7. Toutefois, comme indiqué au point 1, les cinq injonctions de mise en conformité dont l’illégalité a été retenue par le jugement du 1er octobre 2021 portaient uniquement sur l’absence d’évaluation de la durabilité et de la stabilité des produits, la détention de matières premières périmées non identifiées en tant que telles et/ou non réévaluées en vue de leur utilisation, le stockage concomitant de produits semi-finis ou d’essais de fabrication et de produits finis sans identification spécifique, la présence d’allégations valorisantes ne répondant pas aux critères communs en matière de véracité et d’éléments probants « savon ultra-doux », et l’absence de réalisation d’autocontrôles permettant de valider la quantité nette délivrée des produits commercialisés. Il ne résulte pas de l’instruction que, compte tenu de leur objet, ces cinq injonctions ont empêché Mme B de poursuivre son activité sur le marché sur lequel elle s’était initialement positionnée, ni ne l’ont contrainte à cesser la vente des accessoires de rasage et de toilette ou à détruire les emballages et autres matériels utilisés. En particulier, ainsi que le fait valoir le préfet du Calvados en défense, sans être sérieusement contesté, l’injonction relative à la mention « ultra-doux » portée sur l’emballage du savon « Jardin d’Almodis » impliquait tout au plus une occultation de celle-ci et non la destruction des emballages concernés.

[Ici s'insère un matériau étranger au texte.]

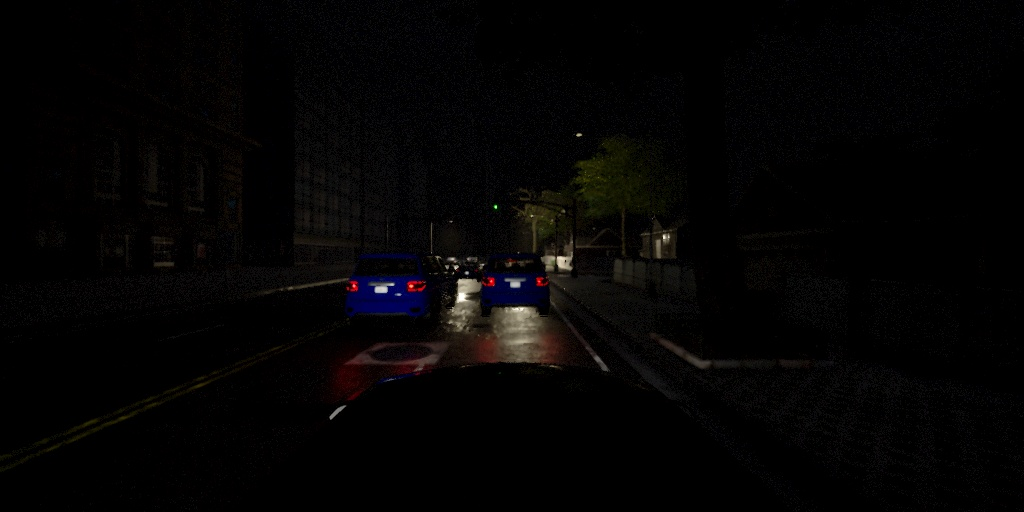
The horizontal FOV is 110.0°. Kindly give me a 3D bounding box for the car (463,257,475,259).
[{"bbox_3d":[-6.535,0.889,58.945,2.128,1.511,4.902,0,0,1],"label":"car"}]

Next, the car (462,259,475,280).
[{"bbox_3d":[-3.143,1.143,26.939,1.994,1.385,4.181,0,0,0],"label":"car"}]

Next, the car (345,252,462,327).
[{"bbox_3d":[-3.148,0.902,11.321,2.150,2.045,5.566,0,0,0],"label":"car"}]

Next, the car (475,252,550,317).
[{"bbox_3d":[0.099,0.892,12.971,2.150,2.045,5.566,0,0,0],"label":"car"}]
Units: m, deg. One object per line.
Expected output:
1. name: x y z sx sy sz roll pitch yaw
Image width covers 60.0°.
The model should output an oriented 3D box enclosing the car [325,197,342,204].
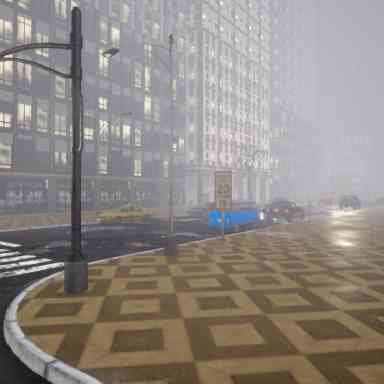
1. car: 28.483 1.624 66.944 2.008 1.369 4.403 0 0 38

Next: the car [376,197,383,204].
1. car: 38.121 1.658 66.556 1.947 1.339 4.313 0 0 38

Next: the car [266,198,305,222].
1. car: 7.625 1.472 26.841 1.967 1.590 4.097 0 0 38

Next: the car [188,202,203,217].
1. car: 1.375 1.603 31.641 1.802 1.307 4.206 0 0 38

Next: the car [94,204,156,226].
1. car: -4.724 1.540 23.911 1.752 1.417 4.829 0 0 38

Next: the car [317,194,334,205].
1. car: 25.095 1.380 62.532 2.192 1.841 5.009 0 0 38

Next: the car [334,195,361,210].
1. car: 21.179 1.368 44.493 2.192 1.841 5.009 0 0 38

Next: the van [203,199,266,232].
1. van: 2.670 1.368 20.206 1.690 1.788 3.998 0 0 38

De même, aucune des injonctions jugées illégales ne portaient sur la nature ou la composition des ingrédients des produits fabriqués et commercialisés par Mme B justifiant la modification ou la cessation de leur fabrication. Enfin, compte tenu de l’absence de publicité de la décision du 2 juillet 2019, les injonctions dont l’illégalité a été retenue n’ont pas été de nature à porter atteinte à l’image de l’entreprise auprès des réseaux clients. Il résulte de ce qui précède que, eu égard à l’objet des injonctions concernées, les illégalités entachant la décision du 2 juillet 2019 ne présentent aucun lien de causalité directe avec le préjudice allégué.
8. En troisième lieu, Mme B sollicite le remboursement de la somme de 102 euros correspondant à la valeur des échantillons prélevés au cours des contrôles effectués par la DDPP. Toutefois, il résulte de l’instruction que le droit à remboursement de cette somme, qui n’a jamais été remis en cause par l’administration, est subordonné à la production par l’intéressée des éléments justificatifs de la valeur toute taxes comprises des produits prélevés. En l’absence de production de ces éléments, tels que les factures des produits concernés, la requérante n’établit pas le caractère réel et certain du préjudice dont elle sollicite la réparation.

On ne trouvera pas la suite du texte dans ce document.